Cathulhu-Graffitti©Anna Holub 2021
Machandel Verlag Haselünne
Charlotte Erpenbeck
Cover-Bild: luckyway / shutterstock.com
Illustrationen: Anna HOlub
1. Auflage Juni 2021
ISBN 978-3-95959-314-4
1. Nice Work If You Can Get It
Cathulhu ChaseDie Reichen träumen von Liebe, die Armen träumen von Geld. Wovon ich in meinen whiskygetränkten Nächten träume, weiß ich nicht. Aber generell nicht von Damen in enganliegenden Kleidern, die plötzlich an die Tür meines Luftschiffs klopfen.

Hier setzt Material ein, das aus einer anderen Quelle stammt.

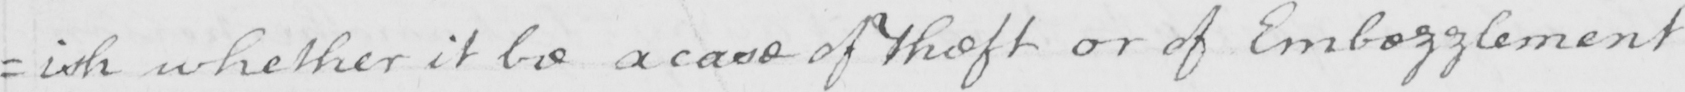Can you tell me what this handwritten text says? =ish whether it be a case of theft or of Embezzlement

Also kann es wohl kein Traum sein, beschließe ich. Ich rücke meine Fliege gerade, stehe vom Sofa auf und schlüpfe in meine Anzugjacke.

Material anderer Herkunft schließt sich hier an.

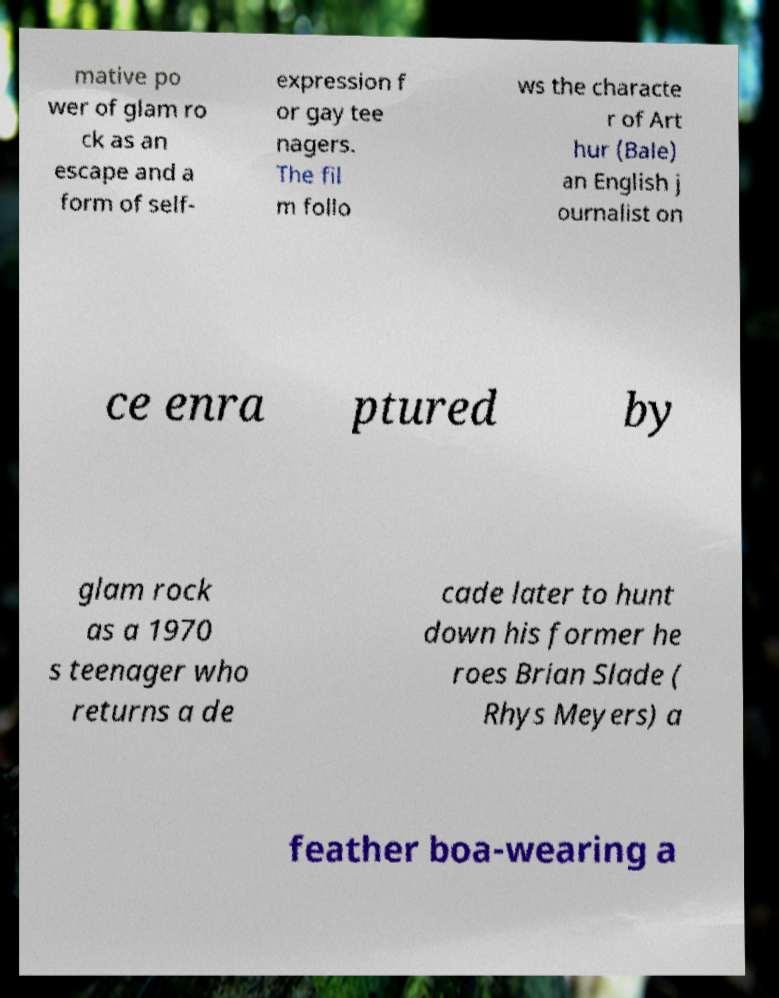There's text embedded in this image that I need extracted. Can you transcribe it verbatim? mative po wer of glam ro ck as an escape and a form of self- expression f or gay tee nagers. The fil m follo ws the characte r of Art hur (Bale) an English j ournalist on ce enra ptured by glam rock as a 1970 s teenager who returns a de cade later to hunt down his former he roes Brian Slade ( Rhys Meyers) a feather boa-wearing a

Das Klopfen an der Eingangstür wird lauter. Ich begutachte den Sitz meines Anzugs im Spiegel und fahre mir mit einer benetzten Pfote über den Kopf, um mein Fell behelfsmäßig geschniegelt aussehen zu lassen. Es ist ja nicht so, als ob ich den Anschein erwecken will, in meinem Büro geschlafen zu haben – auch wenn das seit ein paar Wochen sehr wohl der Fall ist.
Dann öffne ich die Tür und sehe von der Dame zum ersten Mal mehr als einen Schattenriss durch das Milchglas.

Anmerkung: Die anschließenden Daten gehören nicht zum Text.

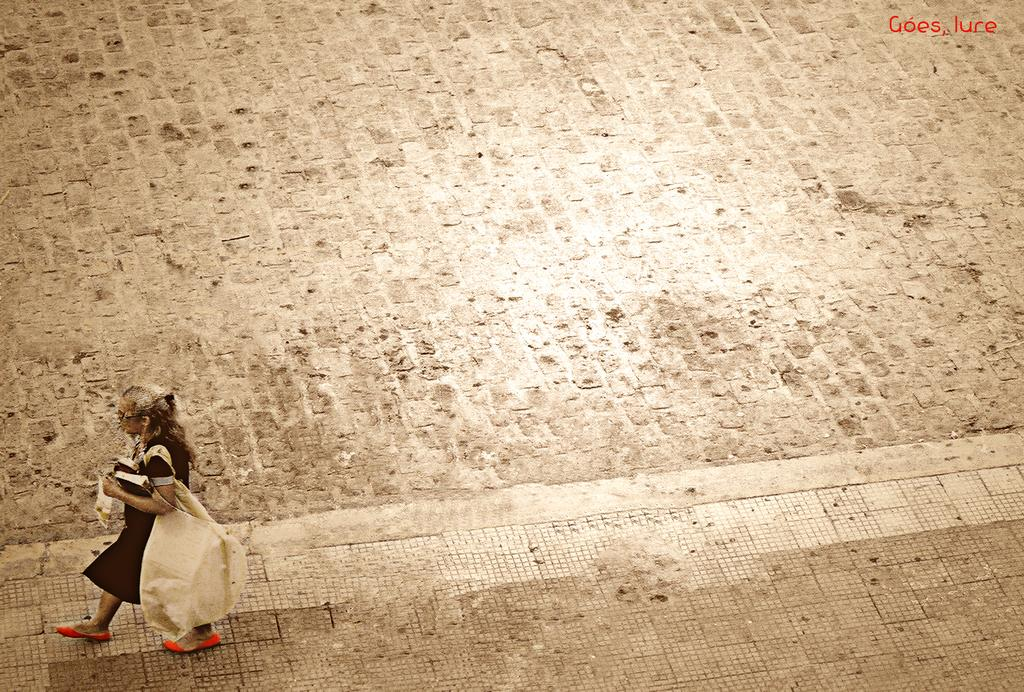Who or what is present in the image? There is a person in the image. What is the person holding or carrying? The person is carrying a bag. What can be seen beneath the person's feet? The ground is visible in the image. Is there any text or writing in the image? Yes, there is text in the top right corner of the image. How does the person feel about the comfort of the trains in the image? There are no trains present in the image, so it is not possible to determine how the person feels about their comfort.

Meine sonst so professionelle Miene droht für einen Moment zu verschwinden und mit meiner Kinnlade in die Tiefen der Häuserschluchten zu stürzen. Aber ich beherrsche mich gerade noch.
Die Katze, die vor meiner Tür steht, ist nicht nur attraktiv, sie ist eine Bombe!
Und noch dazu rothaarig. Meine Lieblingsfarbe.
Das Kleid der Dame ist in jenem eleganten Grün, weder zu dunkel noch zu hell, welches das Rot ihres Fells am besten in Szene zu setzen vermag. Ihre Schnurrhaare wie auch ihr halblanges Fell sind exquisit coiffiert – vom Kopf bis zur Schwanzspitze. In der untersten Ecke der perfekt regelmäßigen Dreiecke ihrer Ohren glitzern Diamanten und eine Perlenkette schmiegt sich um ihren Hals. Die Dame weiß sich einzukleiden, und sie hat das Geld dafür. Verheiratet – sie muss es sein, denn wenige Katzen ihres Standes und Alters sind noch unverheiratet, und die meisten davon würde ich aus den Boulevardzeitungen erkennen – doch sie trägt keinen Ehering. Interessant. Und gefährlich, setzt mein inneres Stimmchen hinzu, dem ich immer noch vertrauen kann.
„Mister Elliott? Chester J. Elliott?", fragt sie mit einer Stimme, die Heilige verführen könnte.
Ich nicke knapp. „Chase Elliott, bitte."
Die Pfote zum Gruß auszustrecken wäre zu vulgär, ihre Pfote zu küssen, zu schmeichelnd. Also bitte ich sie mit einer knappen Verbeugung zur Tür hinein. Professionell abgehobenes Benehmen, wie ich es in der Polizeischule gelernt habe. Vielleicht nicht, was von einem Privatdetektiv erwartet wird – die meisten, die diesem sehr speziellen Typ Katzen angehören, haben nicht das Privileg genossen, irgendeine Schule zu besuchen, sei es Polizei- oder anders. Aber meiner Erfahrung nach beruhigt Professionalität die Kunden und lässt sie wissen, dass sie bei mir in guten Pfoten sind.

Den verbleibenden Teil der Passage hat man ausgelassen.